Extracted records

------

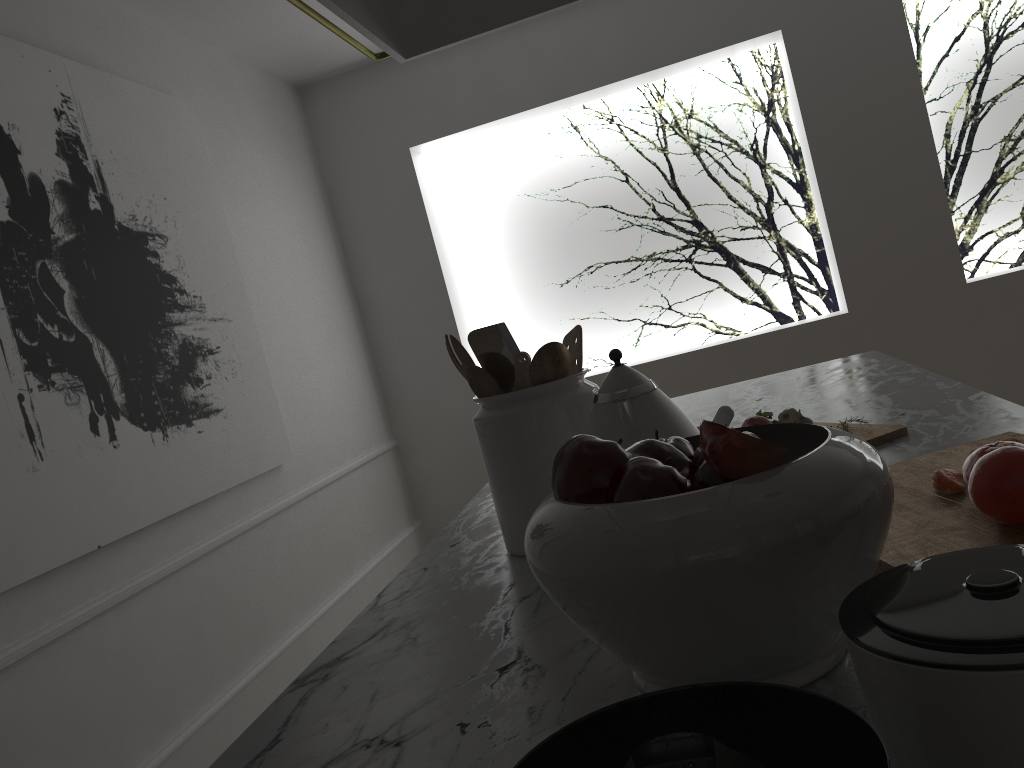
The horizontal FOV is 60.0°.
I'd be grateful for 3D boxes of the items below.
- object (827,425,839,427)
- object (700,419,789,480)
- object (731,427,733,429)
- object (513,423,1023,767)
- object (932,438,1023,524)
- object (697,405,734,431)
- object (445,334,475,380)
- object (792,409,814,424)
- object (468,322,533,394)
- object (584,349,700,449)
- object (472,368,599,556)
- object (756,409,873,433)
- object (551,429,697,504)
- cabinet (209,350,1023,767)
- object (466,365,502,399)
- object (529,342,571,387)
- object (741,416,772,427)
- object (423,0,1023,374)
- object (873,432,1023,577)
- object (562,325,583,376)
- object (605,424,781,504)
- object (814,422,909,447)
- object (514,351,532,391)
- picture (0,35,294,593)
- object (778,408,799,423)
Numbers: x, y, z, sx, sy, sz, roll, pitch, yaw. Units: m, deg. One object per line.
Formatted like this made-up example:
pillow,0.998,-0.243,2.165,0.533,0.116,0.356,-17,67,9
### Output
object,0.471,0.069,1.352,0.059,0.008,0.043,-17,4,-36
object,0.157,0.042,0.602,0.054,0.048,0.061,-16,4,-24
object,0.336,0.084,1.431,0.049,0.039,0.057,-14,4,9
object,0.132,0.146,0.561,0.364,0.156,0.491,-16,4,-11
object,0.437,0.062,0.786,0.135,0.079,0.194,-15,4,1
object,0.232,0.100,1.217,0.159,0.110,0.172,-17,4,-32
object,-0.011,0.067,1.181,0.131,0.296,0.056,-13,4,32
object,0.450,0.057,1.376,0.034,0.037,0.033,-15,4,-10
object,0.032,0.057,1.170,0.064,0.290,0.141,-13,4,26
object,0.149,0.073,0.973,0.204,0.236,0.178,-18,5,-41
object,0.050,0.099,1.180,0.174,0.208,0.174,-13,4,30
object,0.437,0.066,1.359,0.116,0.058,0.224,-18,5,-42
object,0.095,0.072,0.708,0.071,0.091,0.167,-12,5,38
cabinet,0.352,0.502,1.165,0.870,0.721,2.360,-14,4,12
object,-0.003,0.088,1.174,0.050,0.247,0.114,-14,4,17
object,0.067,0.069,1.157,0.061,0.251,0.117,-15,4,-8
object,0.359,0.078,1.333,0.090,0.051,0.050,-16,4,-24
object,2.911,0.145,4.095,10.834,8.324,0.001,-14,4,12
object,0.438,0.115,0.797,0.290,0.030,0.400,-15,4,-3
object,0.087,0.058,1.165,0.054,0.262,0.149,-13,4,27
object,0.138,0.076,0.667,0.135,0.074,0.154,-14,4,8
object,0.407,0.095,1.364,0.220,0.012,0.330,-16,4,-18
object,0.020,0.083,1.149,0.033,0.250,0.118,-18,5,-37
picture,-1.130,-0.268,2.442,0.039,1.315,1.545,-14,4,12
object,0.443,0.058,1.415,0.037,0.036,0.035,-15,4,0
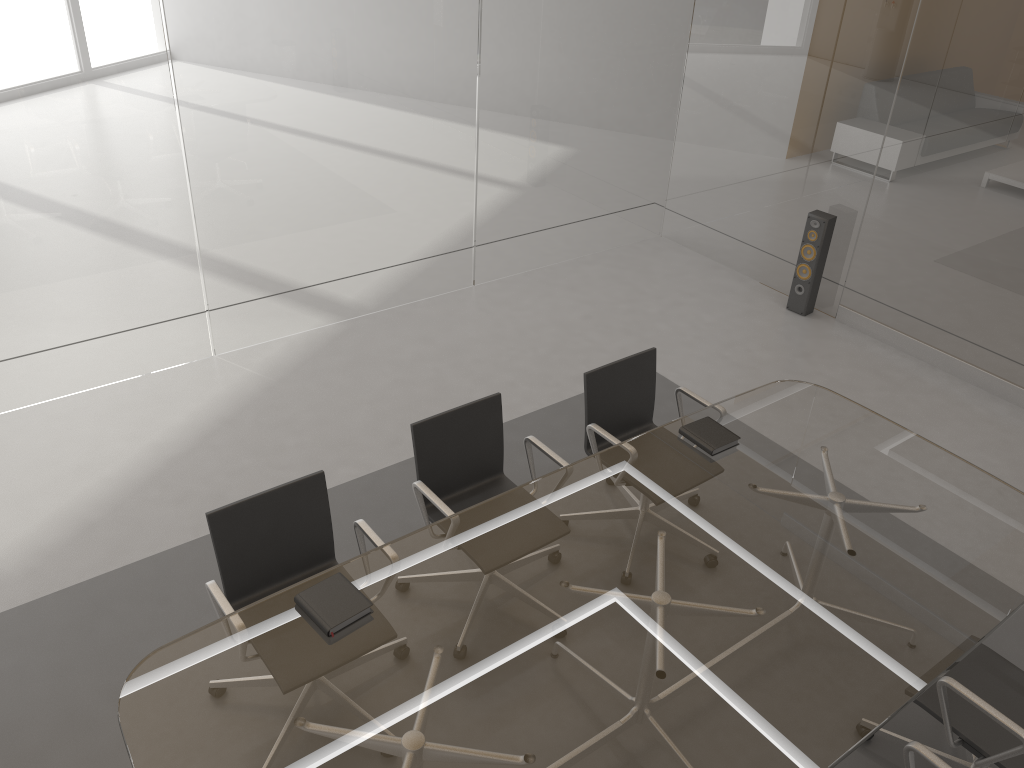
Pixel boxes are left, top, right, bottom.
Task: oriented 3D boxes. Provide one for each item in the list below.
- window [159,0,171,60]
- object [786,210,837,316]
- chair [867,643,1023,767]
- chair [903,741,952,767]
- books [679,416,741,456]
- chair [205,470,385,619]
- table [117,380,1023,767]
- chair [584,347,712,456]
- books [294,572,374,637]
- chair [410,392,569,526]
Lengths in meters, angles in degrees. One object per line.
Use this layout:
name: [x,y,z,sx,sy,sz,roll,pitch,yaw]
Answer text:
window: [-5.575,-4.912,8.368,0.100,4.498,8.533,15,34,18]
object: [2.020,-0.811,6.011,0.124,0.706,0.152,-23,40,-36]
chair: [1.550,1.053,2.852,0.710,0.805,0.731,23,37,29]
chair: [0.933,1.317,2.369,0.710,0.805,0.731,23,37,29]
books: [0.782,0.205,3.512,0.164,0.032,0.183,-18,37,-30]
chair: [-0.664,0.830,3.017,0.710,0.805,0.731,23,37,29]
table: [0.454,0.965,2.969,3.054,0.721,1.372,-19,38,-32]
chair: [0.639,0.363,3.889,0.710,0.805,0.731,23,37,29]
books: [-0.534,0.659,2.659,0.164,0.032,0.183,-24,41,-37]
chair: [-0.052,0.562,3.505,0.710,0.805,0.731,23,37,29]
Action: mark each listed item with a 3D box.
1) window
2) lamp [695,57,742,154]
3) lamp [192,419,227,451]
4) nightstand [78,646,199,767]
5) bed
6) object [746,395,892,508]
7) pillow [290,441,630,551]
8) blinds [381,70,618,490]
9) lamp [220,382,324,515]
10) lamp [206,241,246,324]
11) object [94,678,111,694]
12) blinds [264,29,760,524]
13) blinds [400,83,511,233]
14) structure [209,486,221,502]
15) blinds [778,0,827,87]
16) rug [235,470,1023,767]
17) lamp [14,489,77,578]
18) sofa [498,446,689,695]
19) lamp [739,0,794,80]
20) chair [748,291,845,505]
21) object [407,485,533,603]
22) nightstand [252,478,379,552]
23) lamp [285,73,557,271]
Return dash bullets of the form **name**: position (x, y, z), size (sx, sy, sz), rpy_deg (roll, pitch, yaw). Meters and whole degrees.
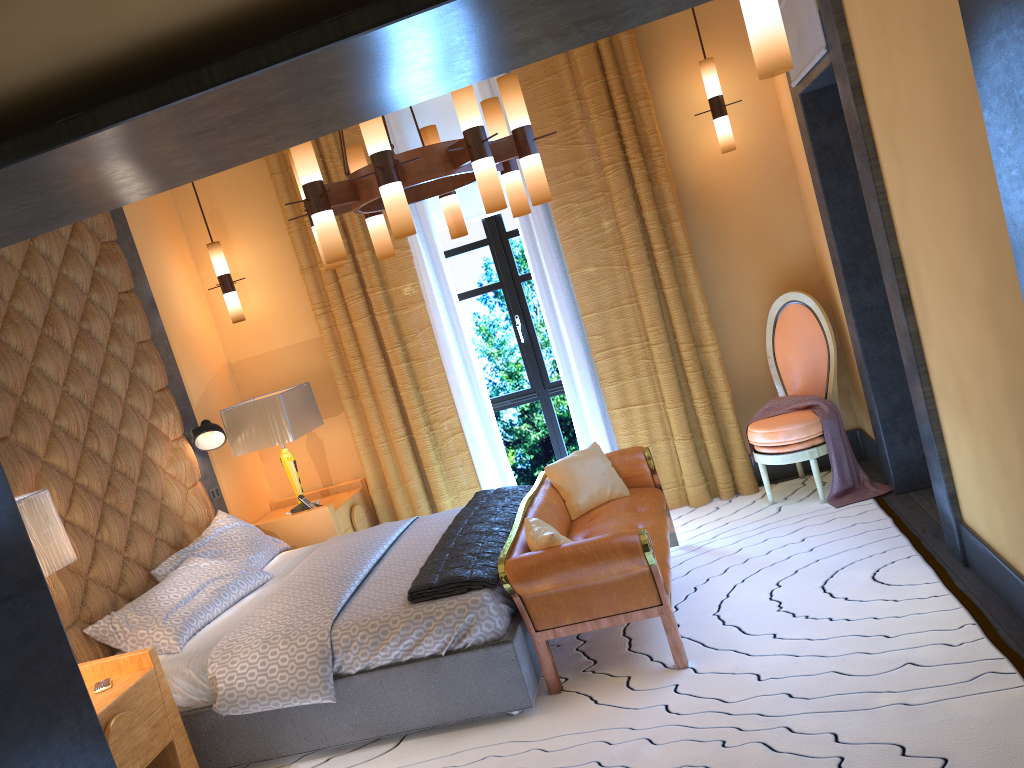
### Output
- **window**: position (0.036, -0.513, 5.950), size (1.201, 3.008, 0.129), rpy_deg (-15, 8, 11)
- **lamp**: position (1.187, -1.604, 5.119), size (0.198, 0.533, 0.199), rpy_deg (-21, 9, -33)
- **lamp**: position (-1.675, 0.268, 5.422), size (0.566, 0.218, 0.231), rpy_deg (-20, 8, -31)
- **nightstand**: position (-1.691, 1.519, 3.303), size (0.721, 0.702, 0.706), rpy_deg (-15, 7, 11)
- **bed**: position (-0.885, 1.026, 4.469), size (2.109, 0.827, 1.882), rpy_deg (-15, 7, 11)
- **object**: position (1.722, 0.349, 5.067), size (0.427, 0.573, 0.803), rpy_deg (-21, 8, -31)
- **pillow**: position (-0.180, 0.641, 4.909), size (1.142, 0.408, 2.631), rpy_deg (-21, 8, -37)
- **blinds**: position (-0.220, -0.966, 5.579), size (2.052, 4.086, 0.236), rpy_deg (-15, 8, 9)
- **lamp**: position (-1.444, 0.456, 5.661), size (0.424, 0.804, 0.503), rpy_deg (-15, 7, 11)
- **lamp**: position (-1.864, -0.660, 5.782), size (0.198, 0.533, 0.199), rpy_deg (-21, 9, -33)
- **object**: position (-1.584, 1.169, 3.433), size (0.064, 0.018, 0.111), rpy_deg (-19, 7, -23)
- **blinds**: position (-0.203, -0.984, 5.488), size (2.453, 4.157, 0.134), rpy_deg (-15, 8, 11)
- **blinds**: position (-0.268, -1.524, 5.801), size (1.201, 0.875, 0.013), rpy_deg (-15, 8, 11)
- **structure**: position (-1.816, 0.671, 5.413), size (0.016, 0.072, 0.103), rpy_deg (-15, 7, 11)
- **blinds**: position (1.147, -2.189, 3.972), size (0.042, 1.580, 0.892), rpy_deg (-15, 7, 11)
- **rug**: position (0.093, 1.249, 4.174), size (3.706, 0.016, 3.375), rpy_deg (-15, 6, 11)
- **lamp**: position (-1.878, 0.866, 3.229), size (0.424, 0.804, 0.503), rpy_deg (-15, 7, 11)
- **sofa**: position (0.442, 0.797, 4.291), size (0.651, 0.642, 1.609), rpy_deg (-15, 7, 11)
- **lamp**: position (0.587, -1.031, 2.188), size (0.198, 0.533, 0.199), rpy_deg (-21, 9, -33)
- **chair**: position (1.616, 0.080, 5.140), size (0.501, 1.150, 0.629), rpy_deg (-9, 10, 44)
- **object**: position (-0.150, 0.717, 4.288), size (0.405, 0.105, 1.456), rpy_deg (-15, 6, 11)
- **nightstand**: position (-1.281, 1.108, 5.849), size (0.721, 0.692, 0.678), rpy_deg (-15, 7, 11)
- **lamp**: position (-0.633, -1.665, 3.664), size (1.143, 2.174, 1.136), rpy_deg (-12, 9, 34)
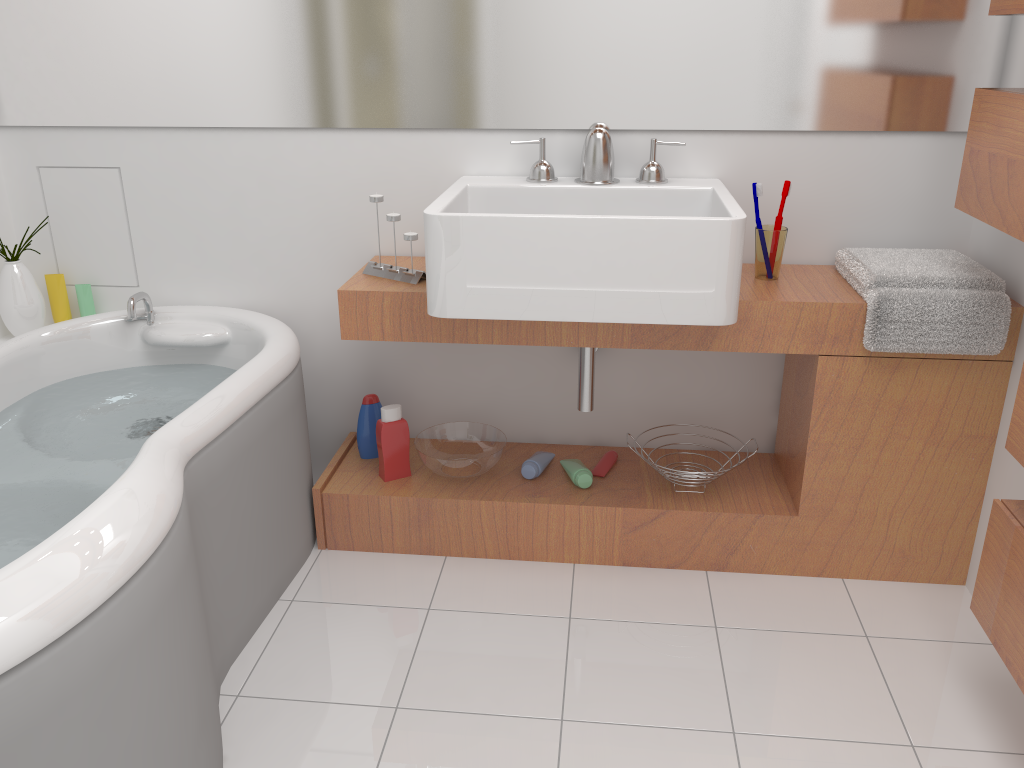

------

— Work request —
Could you write out, exactly as they stand, only the lines above that begin at the line with "- object (700,419,789,480)" and stop after the line with "pillow,0.998,-0.243,2.165,0.533,0.116,0.356,-17,67,9"?

— Written answer —
- object (700,419,789,480)
- object (731,427,733,429)
- object (513,423,1023,767)
- object (932,438,1023,524)
- object (697,405,734,431)
- object (445,334,475,380)
- object (792,409,814,424)
- object (468,322,533,394)
- object (584,349,700,449)
- object (472,368,599,556)
- object (756,409,873,433)
- object (551,429,697,504)
- cabinet (209,350,1023,767)
- object (466,365,502,399)
- object (529,342,571,387)
- object (741,416,772,427)
- object (423,0,1023,374)
- object (873,432,1023,577)
- object (562,325,583,376)
- object (605,424,781,504)
- object (814,422,909,447)
- object (514,351,532,391)
- picture (0,35,294,593)
- object (778,408,799,423)
Numbers: x, y, z, sx, sy, sz, roll, pitch, yaw. Units: m, deg. One object per line.
Formatted like this made-up example:
pillow,0.998,-0.243,2.165,0.533,0.116,0.356,-17,67,9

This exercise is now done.